TO: Interested Parties

FR: DSCC Chairman Robert Menendez

DT: May 18 2010

RE: The Pennsylvania Senate Race

Tonight Pennsylvania Democrats nominated Joe Sestak, a former Naval Officer who has proven he takes a back seat to nobody when it comes to shaking-up Washington and taking on the establishment. Joe, an energetic campaigner, has a compelling personal profile and a message of change that resonates with voters, especially in this political environment.

Democrats enter the general election season with a number of advantages. Democrats enjoy a 14 percent party registration advantage, with 1.2 million more Democrats than Republicans. Four million new Democrats registered in 2008. President Obama carried Pennsylvania by double digits. Governor Rendell and Senator Casey remain well-liked.

With far less fanfare, Republicans today nominated a former Wall Street executive who made his money trading derivatives. While in Congress, he not only racked up an extreme right-wing voting record, but he also championed free-wheeling Wall Street practices. After five years in the House of Representatives, Toomey led the Wall Street backed Club for Growth, advocating for corporate interests like the big banks, oil companies, and insurance companies. While in Congress, Pat Toomey racked up a voting record that would make Rick Santorum look moderate. In fact, Toomey has a 97 percent lifetime conservative rating from the American Conservative Union - nine points higher than Santorum's 88 percent.

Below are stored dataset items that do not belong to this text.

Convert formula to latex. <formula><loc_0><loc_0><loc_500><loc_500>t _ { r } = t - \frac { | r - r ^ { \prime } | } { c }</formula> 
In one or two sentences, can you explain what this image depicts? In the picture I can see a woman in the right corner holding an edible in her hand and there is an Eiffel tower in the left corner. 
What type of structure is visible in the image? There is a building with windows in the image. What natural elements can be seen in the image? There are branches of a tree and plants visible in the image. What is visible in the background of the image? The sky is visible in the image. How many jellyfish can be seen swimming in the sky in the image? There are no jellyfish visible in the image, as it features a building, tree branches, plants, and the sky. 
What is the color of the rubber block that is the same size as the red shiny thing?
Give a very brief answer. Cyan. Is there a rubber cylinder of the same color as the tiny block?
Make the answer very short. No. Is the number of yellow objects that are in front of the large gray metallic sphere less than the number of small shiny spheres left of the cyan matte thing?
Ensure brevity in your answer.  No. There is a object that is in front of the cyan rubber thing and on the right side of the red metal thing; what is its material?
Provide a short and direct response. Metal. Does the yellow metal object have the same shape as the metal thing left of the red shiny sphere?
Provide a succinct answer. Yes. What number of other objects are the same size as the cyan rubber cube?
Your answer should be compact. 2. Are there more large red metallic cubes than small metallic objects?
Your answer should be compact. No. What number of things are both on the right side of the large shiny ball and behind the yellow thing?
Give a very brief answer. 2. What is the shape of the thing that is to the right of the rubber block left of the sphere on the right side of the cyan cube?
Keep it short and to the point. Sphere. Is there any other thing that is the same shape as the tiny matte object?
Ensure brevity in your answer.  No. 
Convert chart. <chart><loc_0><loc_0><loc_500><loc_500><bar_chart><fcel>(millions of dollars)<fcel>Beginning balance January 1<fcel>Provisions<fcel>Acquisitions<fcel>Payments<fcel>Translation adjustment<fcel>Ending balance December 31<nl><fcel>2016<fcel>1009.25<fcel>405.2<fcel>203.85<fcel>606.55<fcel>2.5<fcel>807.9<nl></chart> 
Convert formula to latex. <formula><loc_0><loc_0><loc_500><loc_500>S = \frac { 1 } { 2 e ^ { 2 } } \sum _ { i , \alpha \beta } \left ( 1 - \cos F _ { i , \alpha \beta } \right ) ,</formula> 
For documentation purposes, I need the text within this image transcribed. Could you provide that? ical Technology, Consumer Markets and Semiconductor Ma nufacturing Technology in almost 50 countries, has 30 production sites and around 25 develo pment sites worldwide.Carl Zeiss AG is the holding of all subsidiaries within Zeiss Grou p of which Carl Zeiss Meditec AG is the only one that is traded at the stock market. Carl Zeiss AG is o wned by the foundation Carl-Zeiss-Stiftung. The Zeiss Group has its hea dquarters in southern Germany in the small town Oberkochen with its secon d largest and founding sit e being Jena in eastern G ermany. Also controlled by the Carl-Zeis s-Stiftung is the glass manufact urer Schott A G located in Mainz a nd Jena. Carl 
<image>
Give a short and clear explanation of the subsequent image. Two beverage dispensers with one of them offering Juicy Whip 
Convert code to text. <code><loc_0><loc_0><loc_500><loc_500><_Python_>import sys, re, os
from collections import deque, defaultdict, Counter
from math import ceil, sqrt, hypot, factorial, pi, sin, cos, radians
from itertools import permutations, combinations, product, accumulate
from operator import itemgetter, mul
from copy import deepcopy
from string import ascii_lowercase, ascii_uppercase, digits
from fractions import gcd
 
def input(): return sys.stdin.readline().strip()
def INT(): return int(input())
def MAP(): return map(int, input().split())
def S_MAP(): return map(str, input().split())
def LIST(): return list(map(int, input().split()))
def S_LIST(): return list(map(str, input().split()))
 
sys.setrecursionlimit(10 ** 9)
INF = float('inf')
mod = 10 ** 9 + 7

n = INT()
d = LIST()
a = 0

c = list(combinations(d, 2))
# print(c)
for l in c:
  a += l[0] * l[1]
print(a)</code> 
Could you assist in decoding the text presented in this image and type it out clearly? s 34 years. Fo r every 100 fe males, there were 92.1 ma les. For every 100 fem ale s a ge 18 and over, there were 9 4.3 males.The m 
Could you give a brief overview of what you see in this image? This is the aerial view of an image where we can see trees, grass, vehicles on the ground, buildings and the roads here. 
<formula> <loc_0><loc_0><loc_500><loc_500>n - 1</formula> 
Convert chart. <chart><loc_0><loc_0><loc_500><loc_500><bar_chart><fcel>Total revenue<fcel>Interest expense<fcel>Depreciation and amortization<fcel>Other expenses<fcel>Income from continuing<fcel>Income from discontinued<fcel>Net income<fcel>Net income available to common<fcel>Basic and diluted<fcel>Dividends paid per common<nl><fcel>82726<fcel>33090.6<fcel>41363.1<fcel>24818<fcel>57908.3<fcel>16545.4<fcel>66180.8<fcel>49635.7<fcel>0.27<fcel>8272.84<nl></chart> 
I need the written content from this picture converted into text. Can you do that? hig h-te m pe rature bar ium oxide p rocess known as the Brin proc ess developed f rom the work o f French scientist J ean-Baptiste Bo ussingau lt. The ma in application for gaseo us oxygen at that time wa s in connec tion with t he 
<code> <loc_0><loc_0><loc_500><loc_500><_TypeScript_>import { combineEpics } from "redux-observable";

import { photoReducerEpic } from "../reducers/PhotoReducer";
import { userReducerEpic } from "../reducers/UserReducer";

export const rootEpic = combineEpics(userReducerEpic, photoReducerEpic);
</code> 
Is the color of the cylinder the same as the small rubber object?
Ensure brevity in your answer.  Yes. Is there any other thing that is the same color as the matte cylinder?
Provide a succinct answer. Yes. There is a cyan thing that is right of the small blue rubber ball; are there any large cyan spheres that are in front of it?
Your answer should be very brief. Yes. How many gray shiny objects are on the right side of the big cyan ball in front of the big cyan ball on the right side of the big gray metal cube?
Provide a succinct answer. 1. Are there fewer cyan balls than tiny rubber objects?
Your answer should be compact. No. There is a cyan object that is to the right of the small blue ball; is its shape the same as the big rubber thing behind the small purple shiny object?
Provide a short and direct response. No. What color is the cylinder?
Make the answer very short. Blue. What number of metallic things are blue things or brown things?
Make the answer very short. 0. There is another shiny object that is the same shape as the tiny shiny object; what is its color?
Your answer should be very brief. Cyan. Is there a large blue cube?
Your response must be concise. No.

For Democrats in Pennsylvania to be successful this November, we must be aggressive in framing the choice for voters. Democrat Joe Sestak is focused on creating jobs and the needs of the middle class, while Pat Toomey would do even more to protect the big banks, Wall Street, the oil companies and the insurance companies. Look no further than this week's debate over Wall Street reform for the difference between the two candidates. Joe Sestak has already voted to hold the big banks accountable and Pat Toomey opposes common sense measures to reign-in the big banks. Given that we cannot return to the failed economic policies of the past, the stakes for November could not be higher.